In April 2016, Angela had a miscarriage, the petition states. “It is believed that due to timing of the sexual relations between [Ian] and [Angela], the child may have been the offspring of another man,” court papers allege.

Had Ian known that his future wife was in another committed relationship, he would have dumped her immediately, the petition claims.

In early May 2016, Angela allegedly said she was pregnant again. The next month, she presented Ian and both of their families and friends with sonograms showing fraternal twins. The sonogram printouts had Angela Diaz’s name, a doctor’s name, the date of the ultrasound and name of the hospital.

Yet through July and August, even as Angela allegedly showed no physical signs of pregnancy, she complained of cramps, back pain, and nausea, court papers claim. She shopped for baby clothes, furniture, and other items to boot.

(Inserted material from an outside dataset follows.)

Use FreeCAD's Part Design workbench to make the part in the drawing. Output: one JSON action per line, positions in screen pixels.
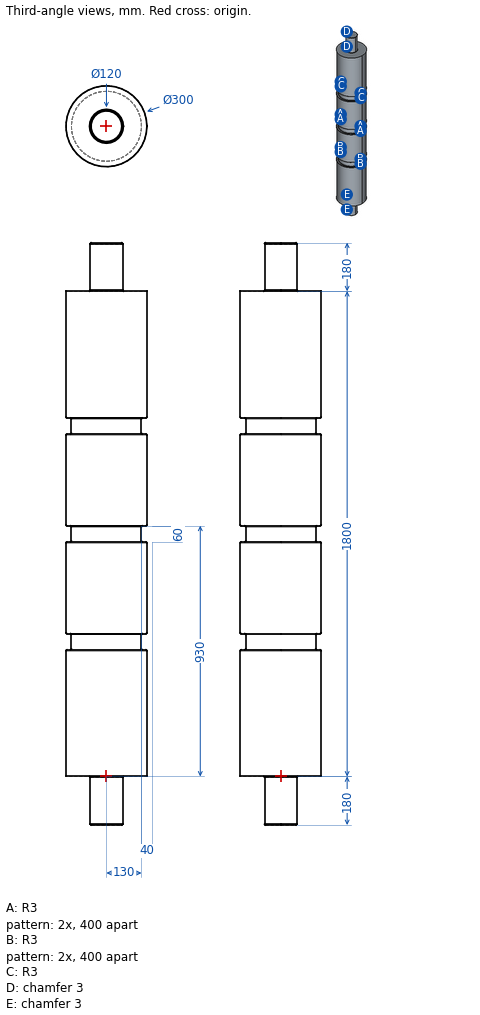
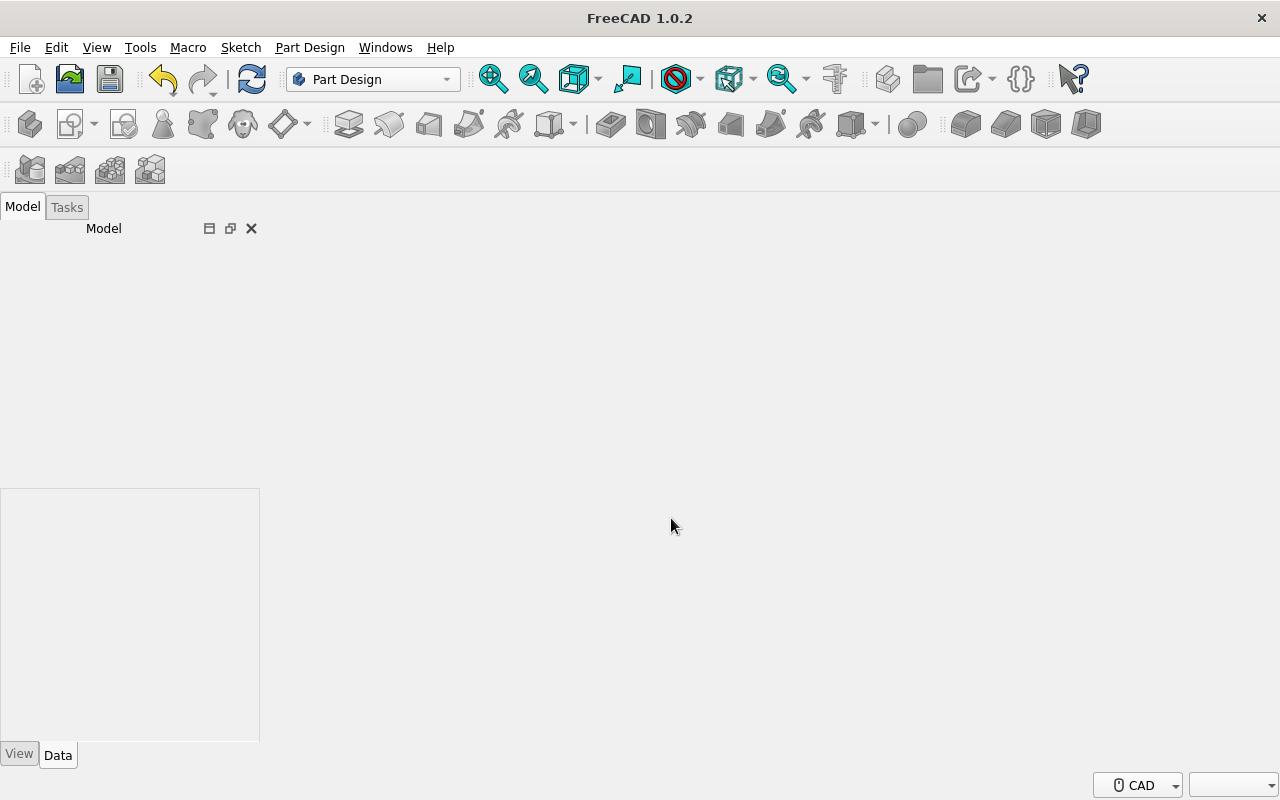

Ian said he would later discover, through Google Images, that Angela’s sonograms were fake and that ones appearing identical to hers were sold on Etsy.com for $7.50 apiece. The prank ultrasounds, printed on Kodak photo paper, were customizable with names and other information, court papers say.

When her hubby confronted her, Angela was adamant the sonograms were real. That night, on Sept. 9, Ian gave Angela a lift to an Irvine hotel that her mother reserved and paid for, the petition states.

The next morning, Ian discovered multiple used pregnancy tests, which appeared positive, in two boxes under the bathroom sink. The tests, however, “were noticeably altered by the use of pens that were also in the boxes,” court papers allege.

The federal lawman likewise accused Angela of forging her work history. In August 2016, she claimed to start a job as an Orange County court clerk and provided “elaborate stories about events, peoples, and court hearings,” documents say.

Angela asked her husband to cash a paper check from the county because she didn’t have a bank account. Ian says he deposited the check into his account on Sept. 6 and it bounced two days later because the account was closed.

According to Ian Diaz, his former wife admitted that she’d never worked for Orange County and that she used a computer program to design and print a false paystub and paycheck with an account and routing number.

Had Ian Diaz known about “what appears to be lying at the pathological level,” he never would have married her, the petition says.

The preliminary hearing for Angela Diaz is expected to resume Thursday morning, with continued testimony from Detective Cunha.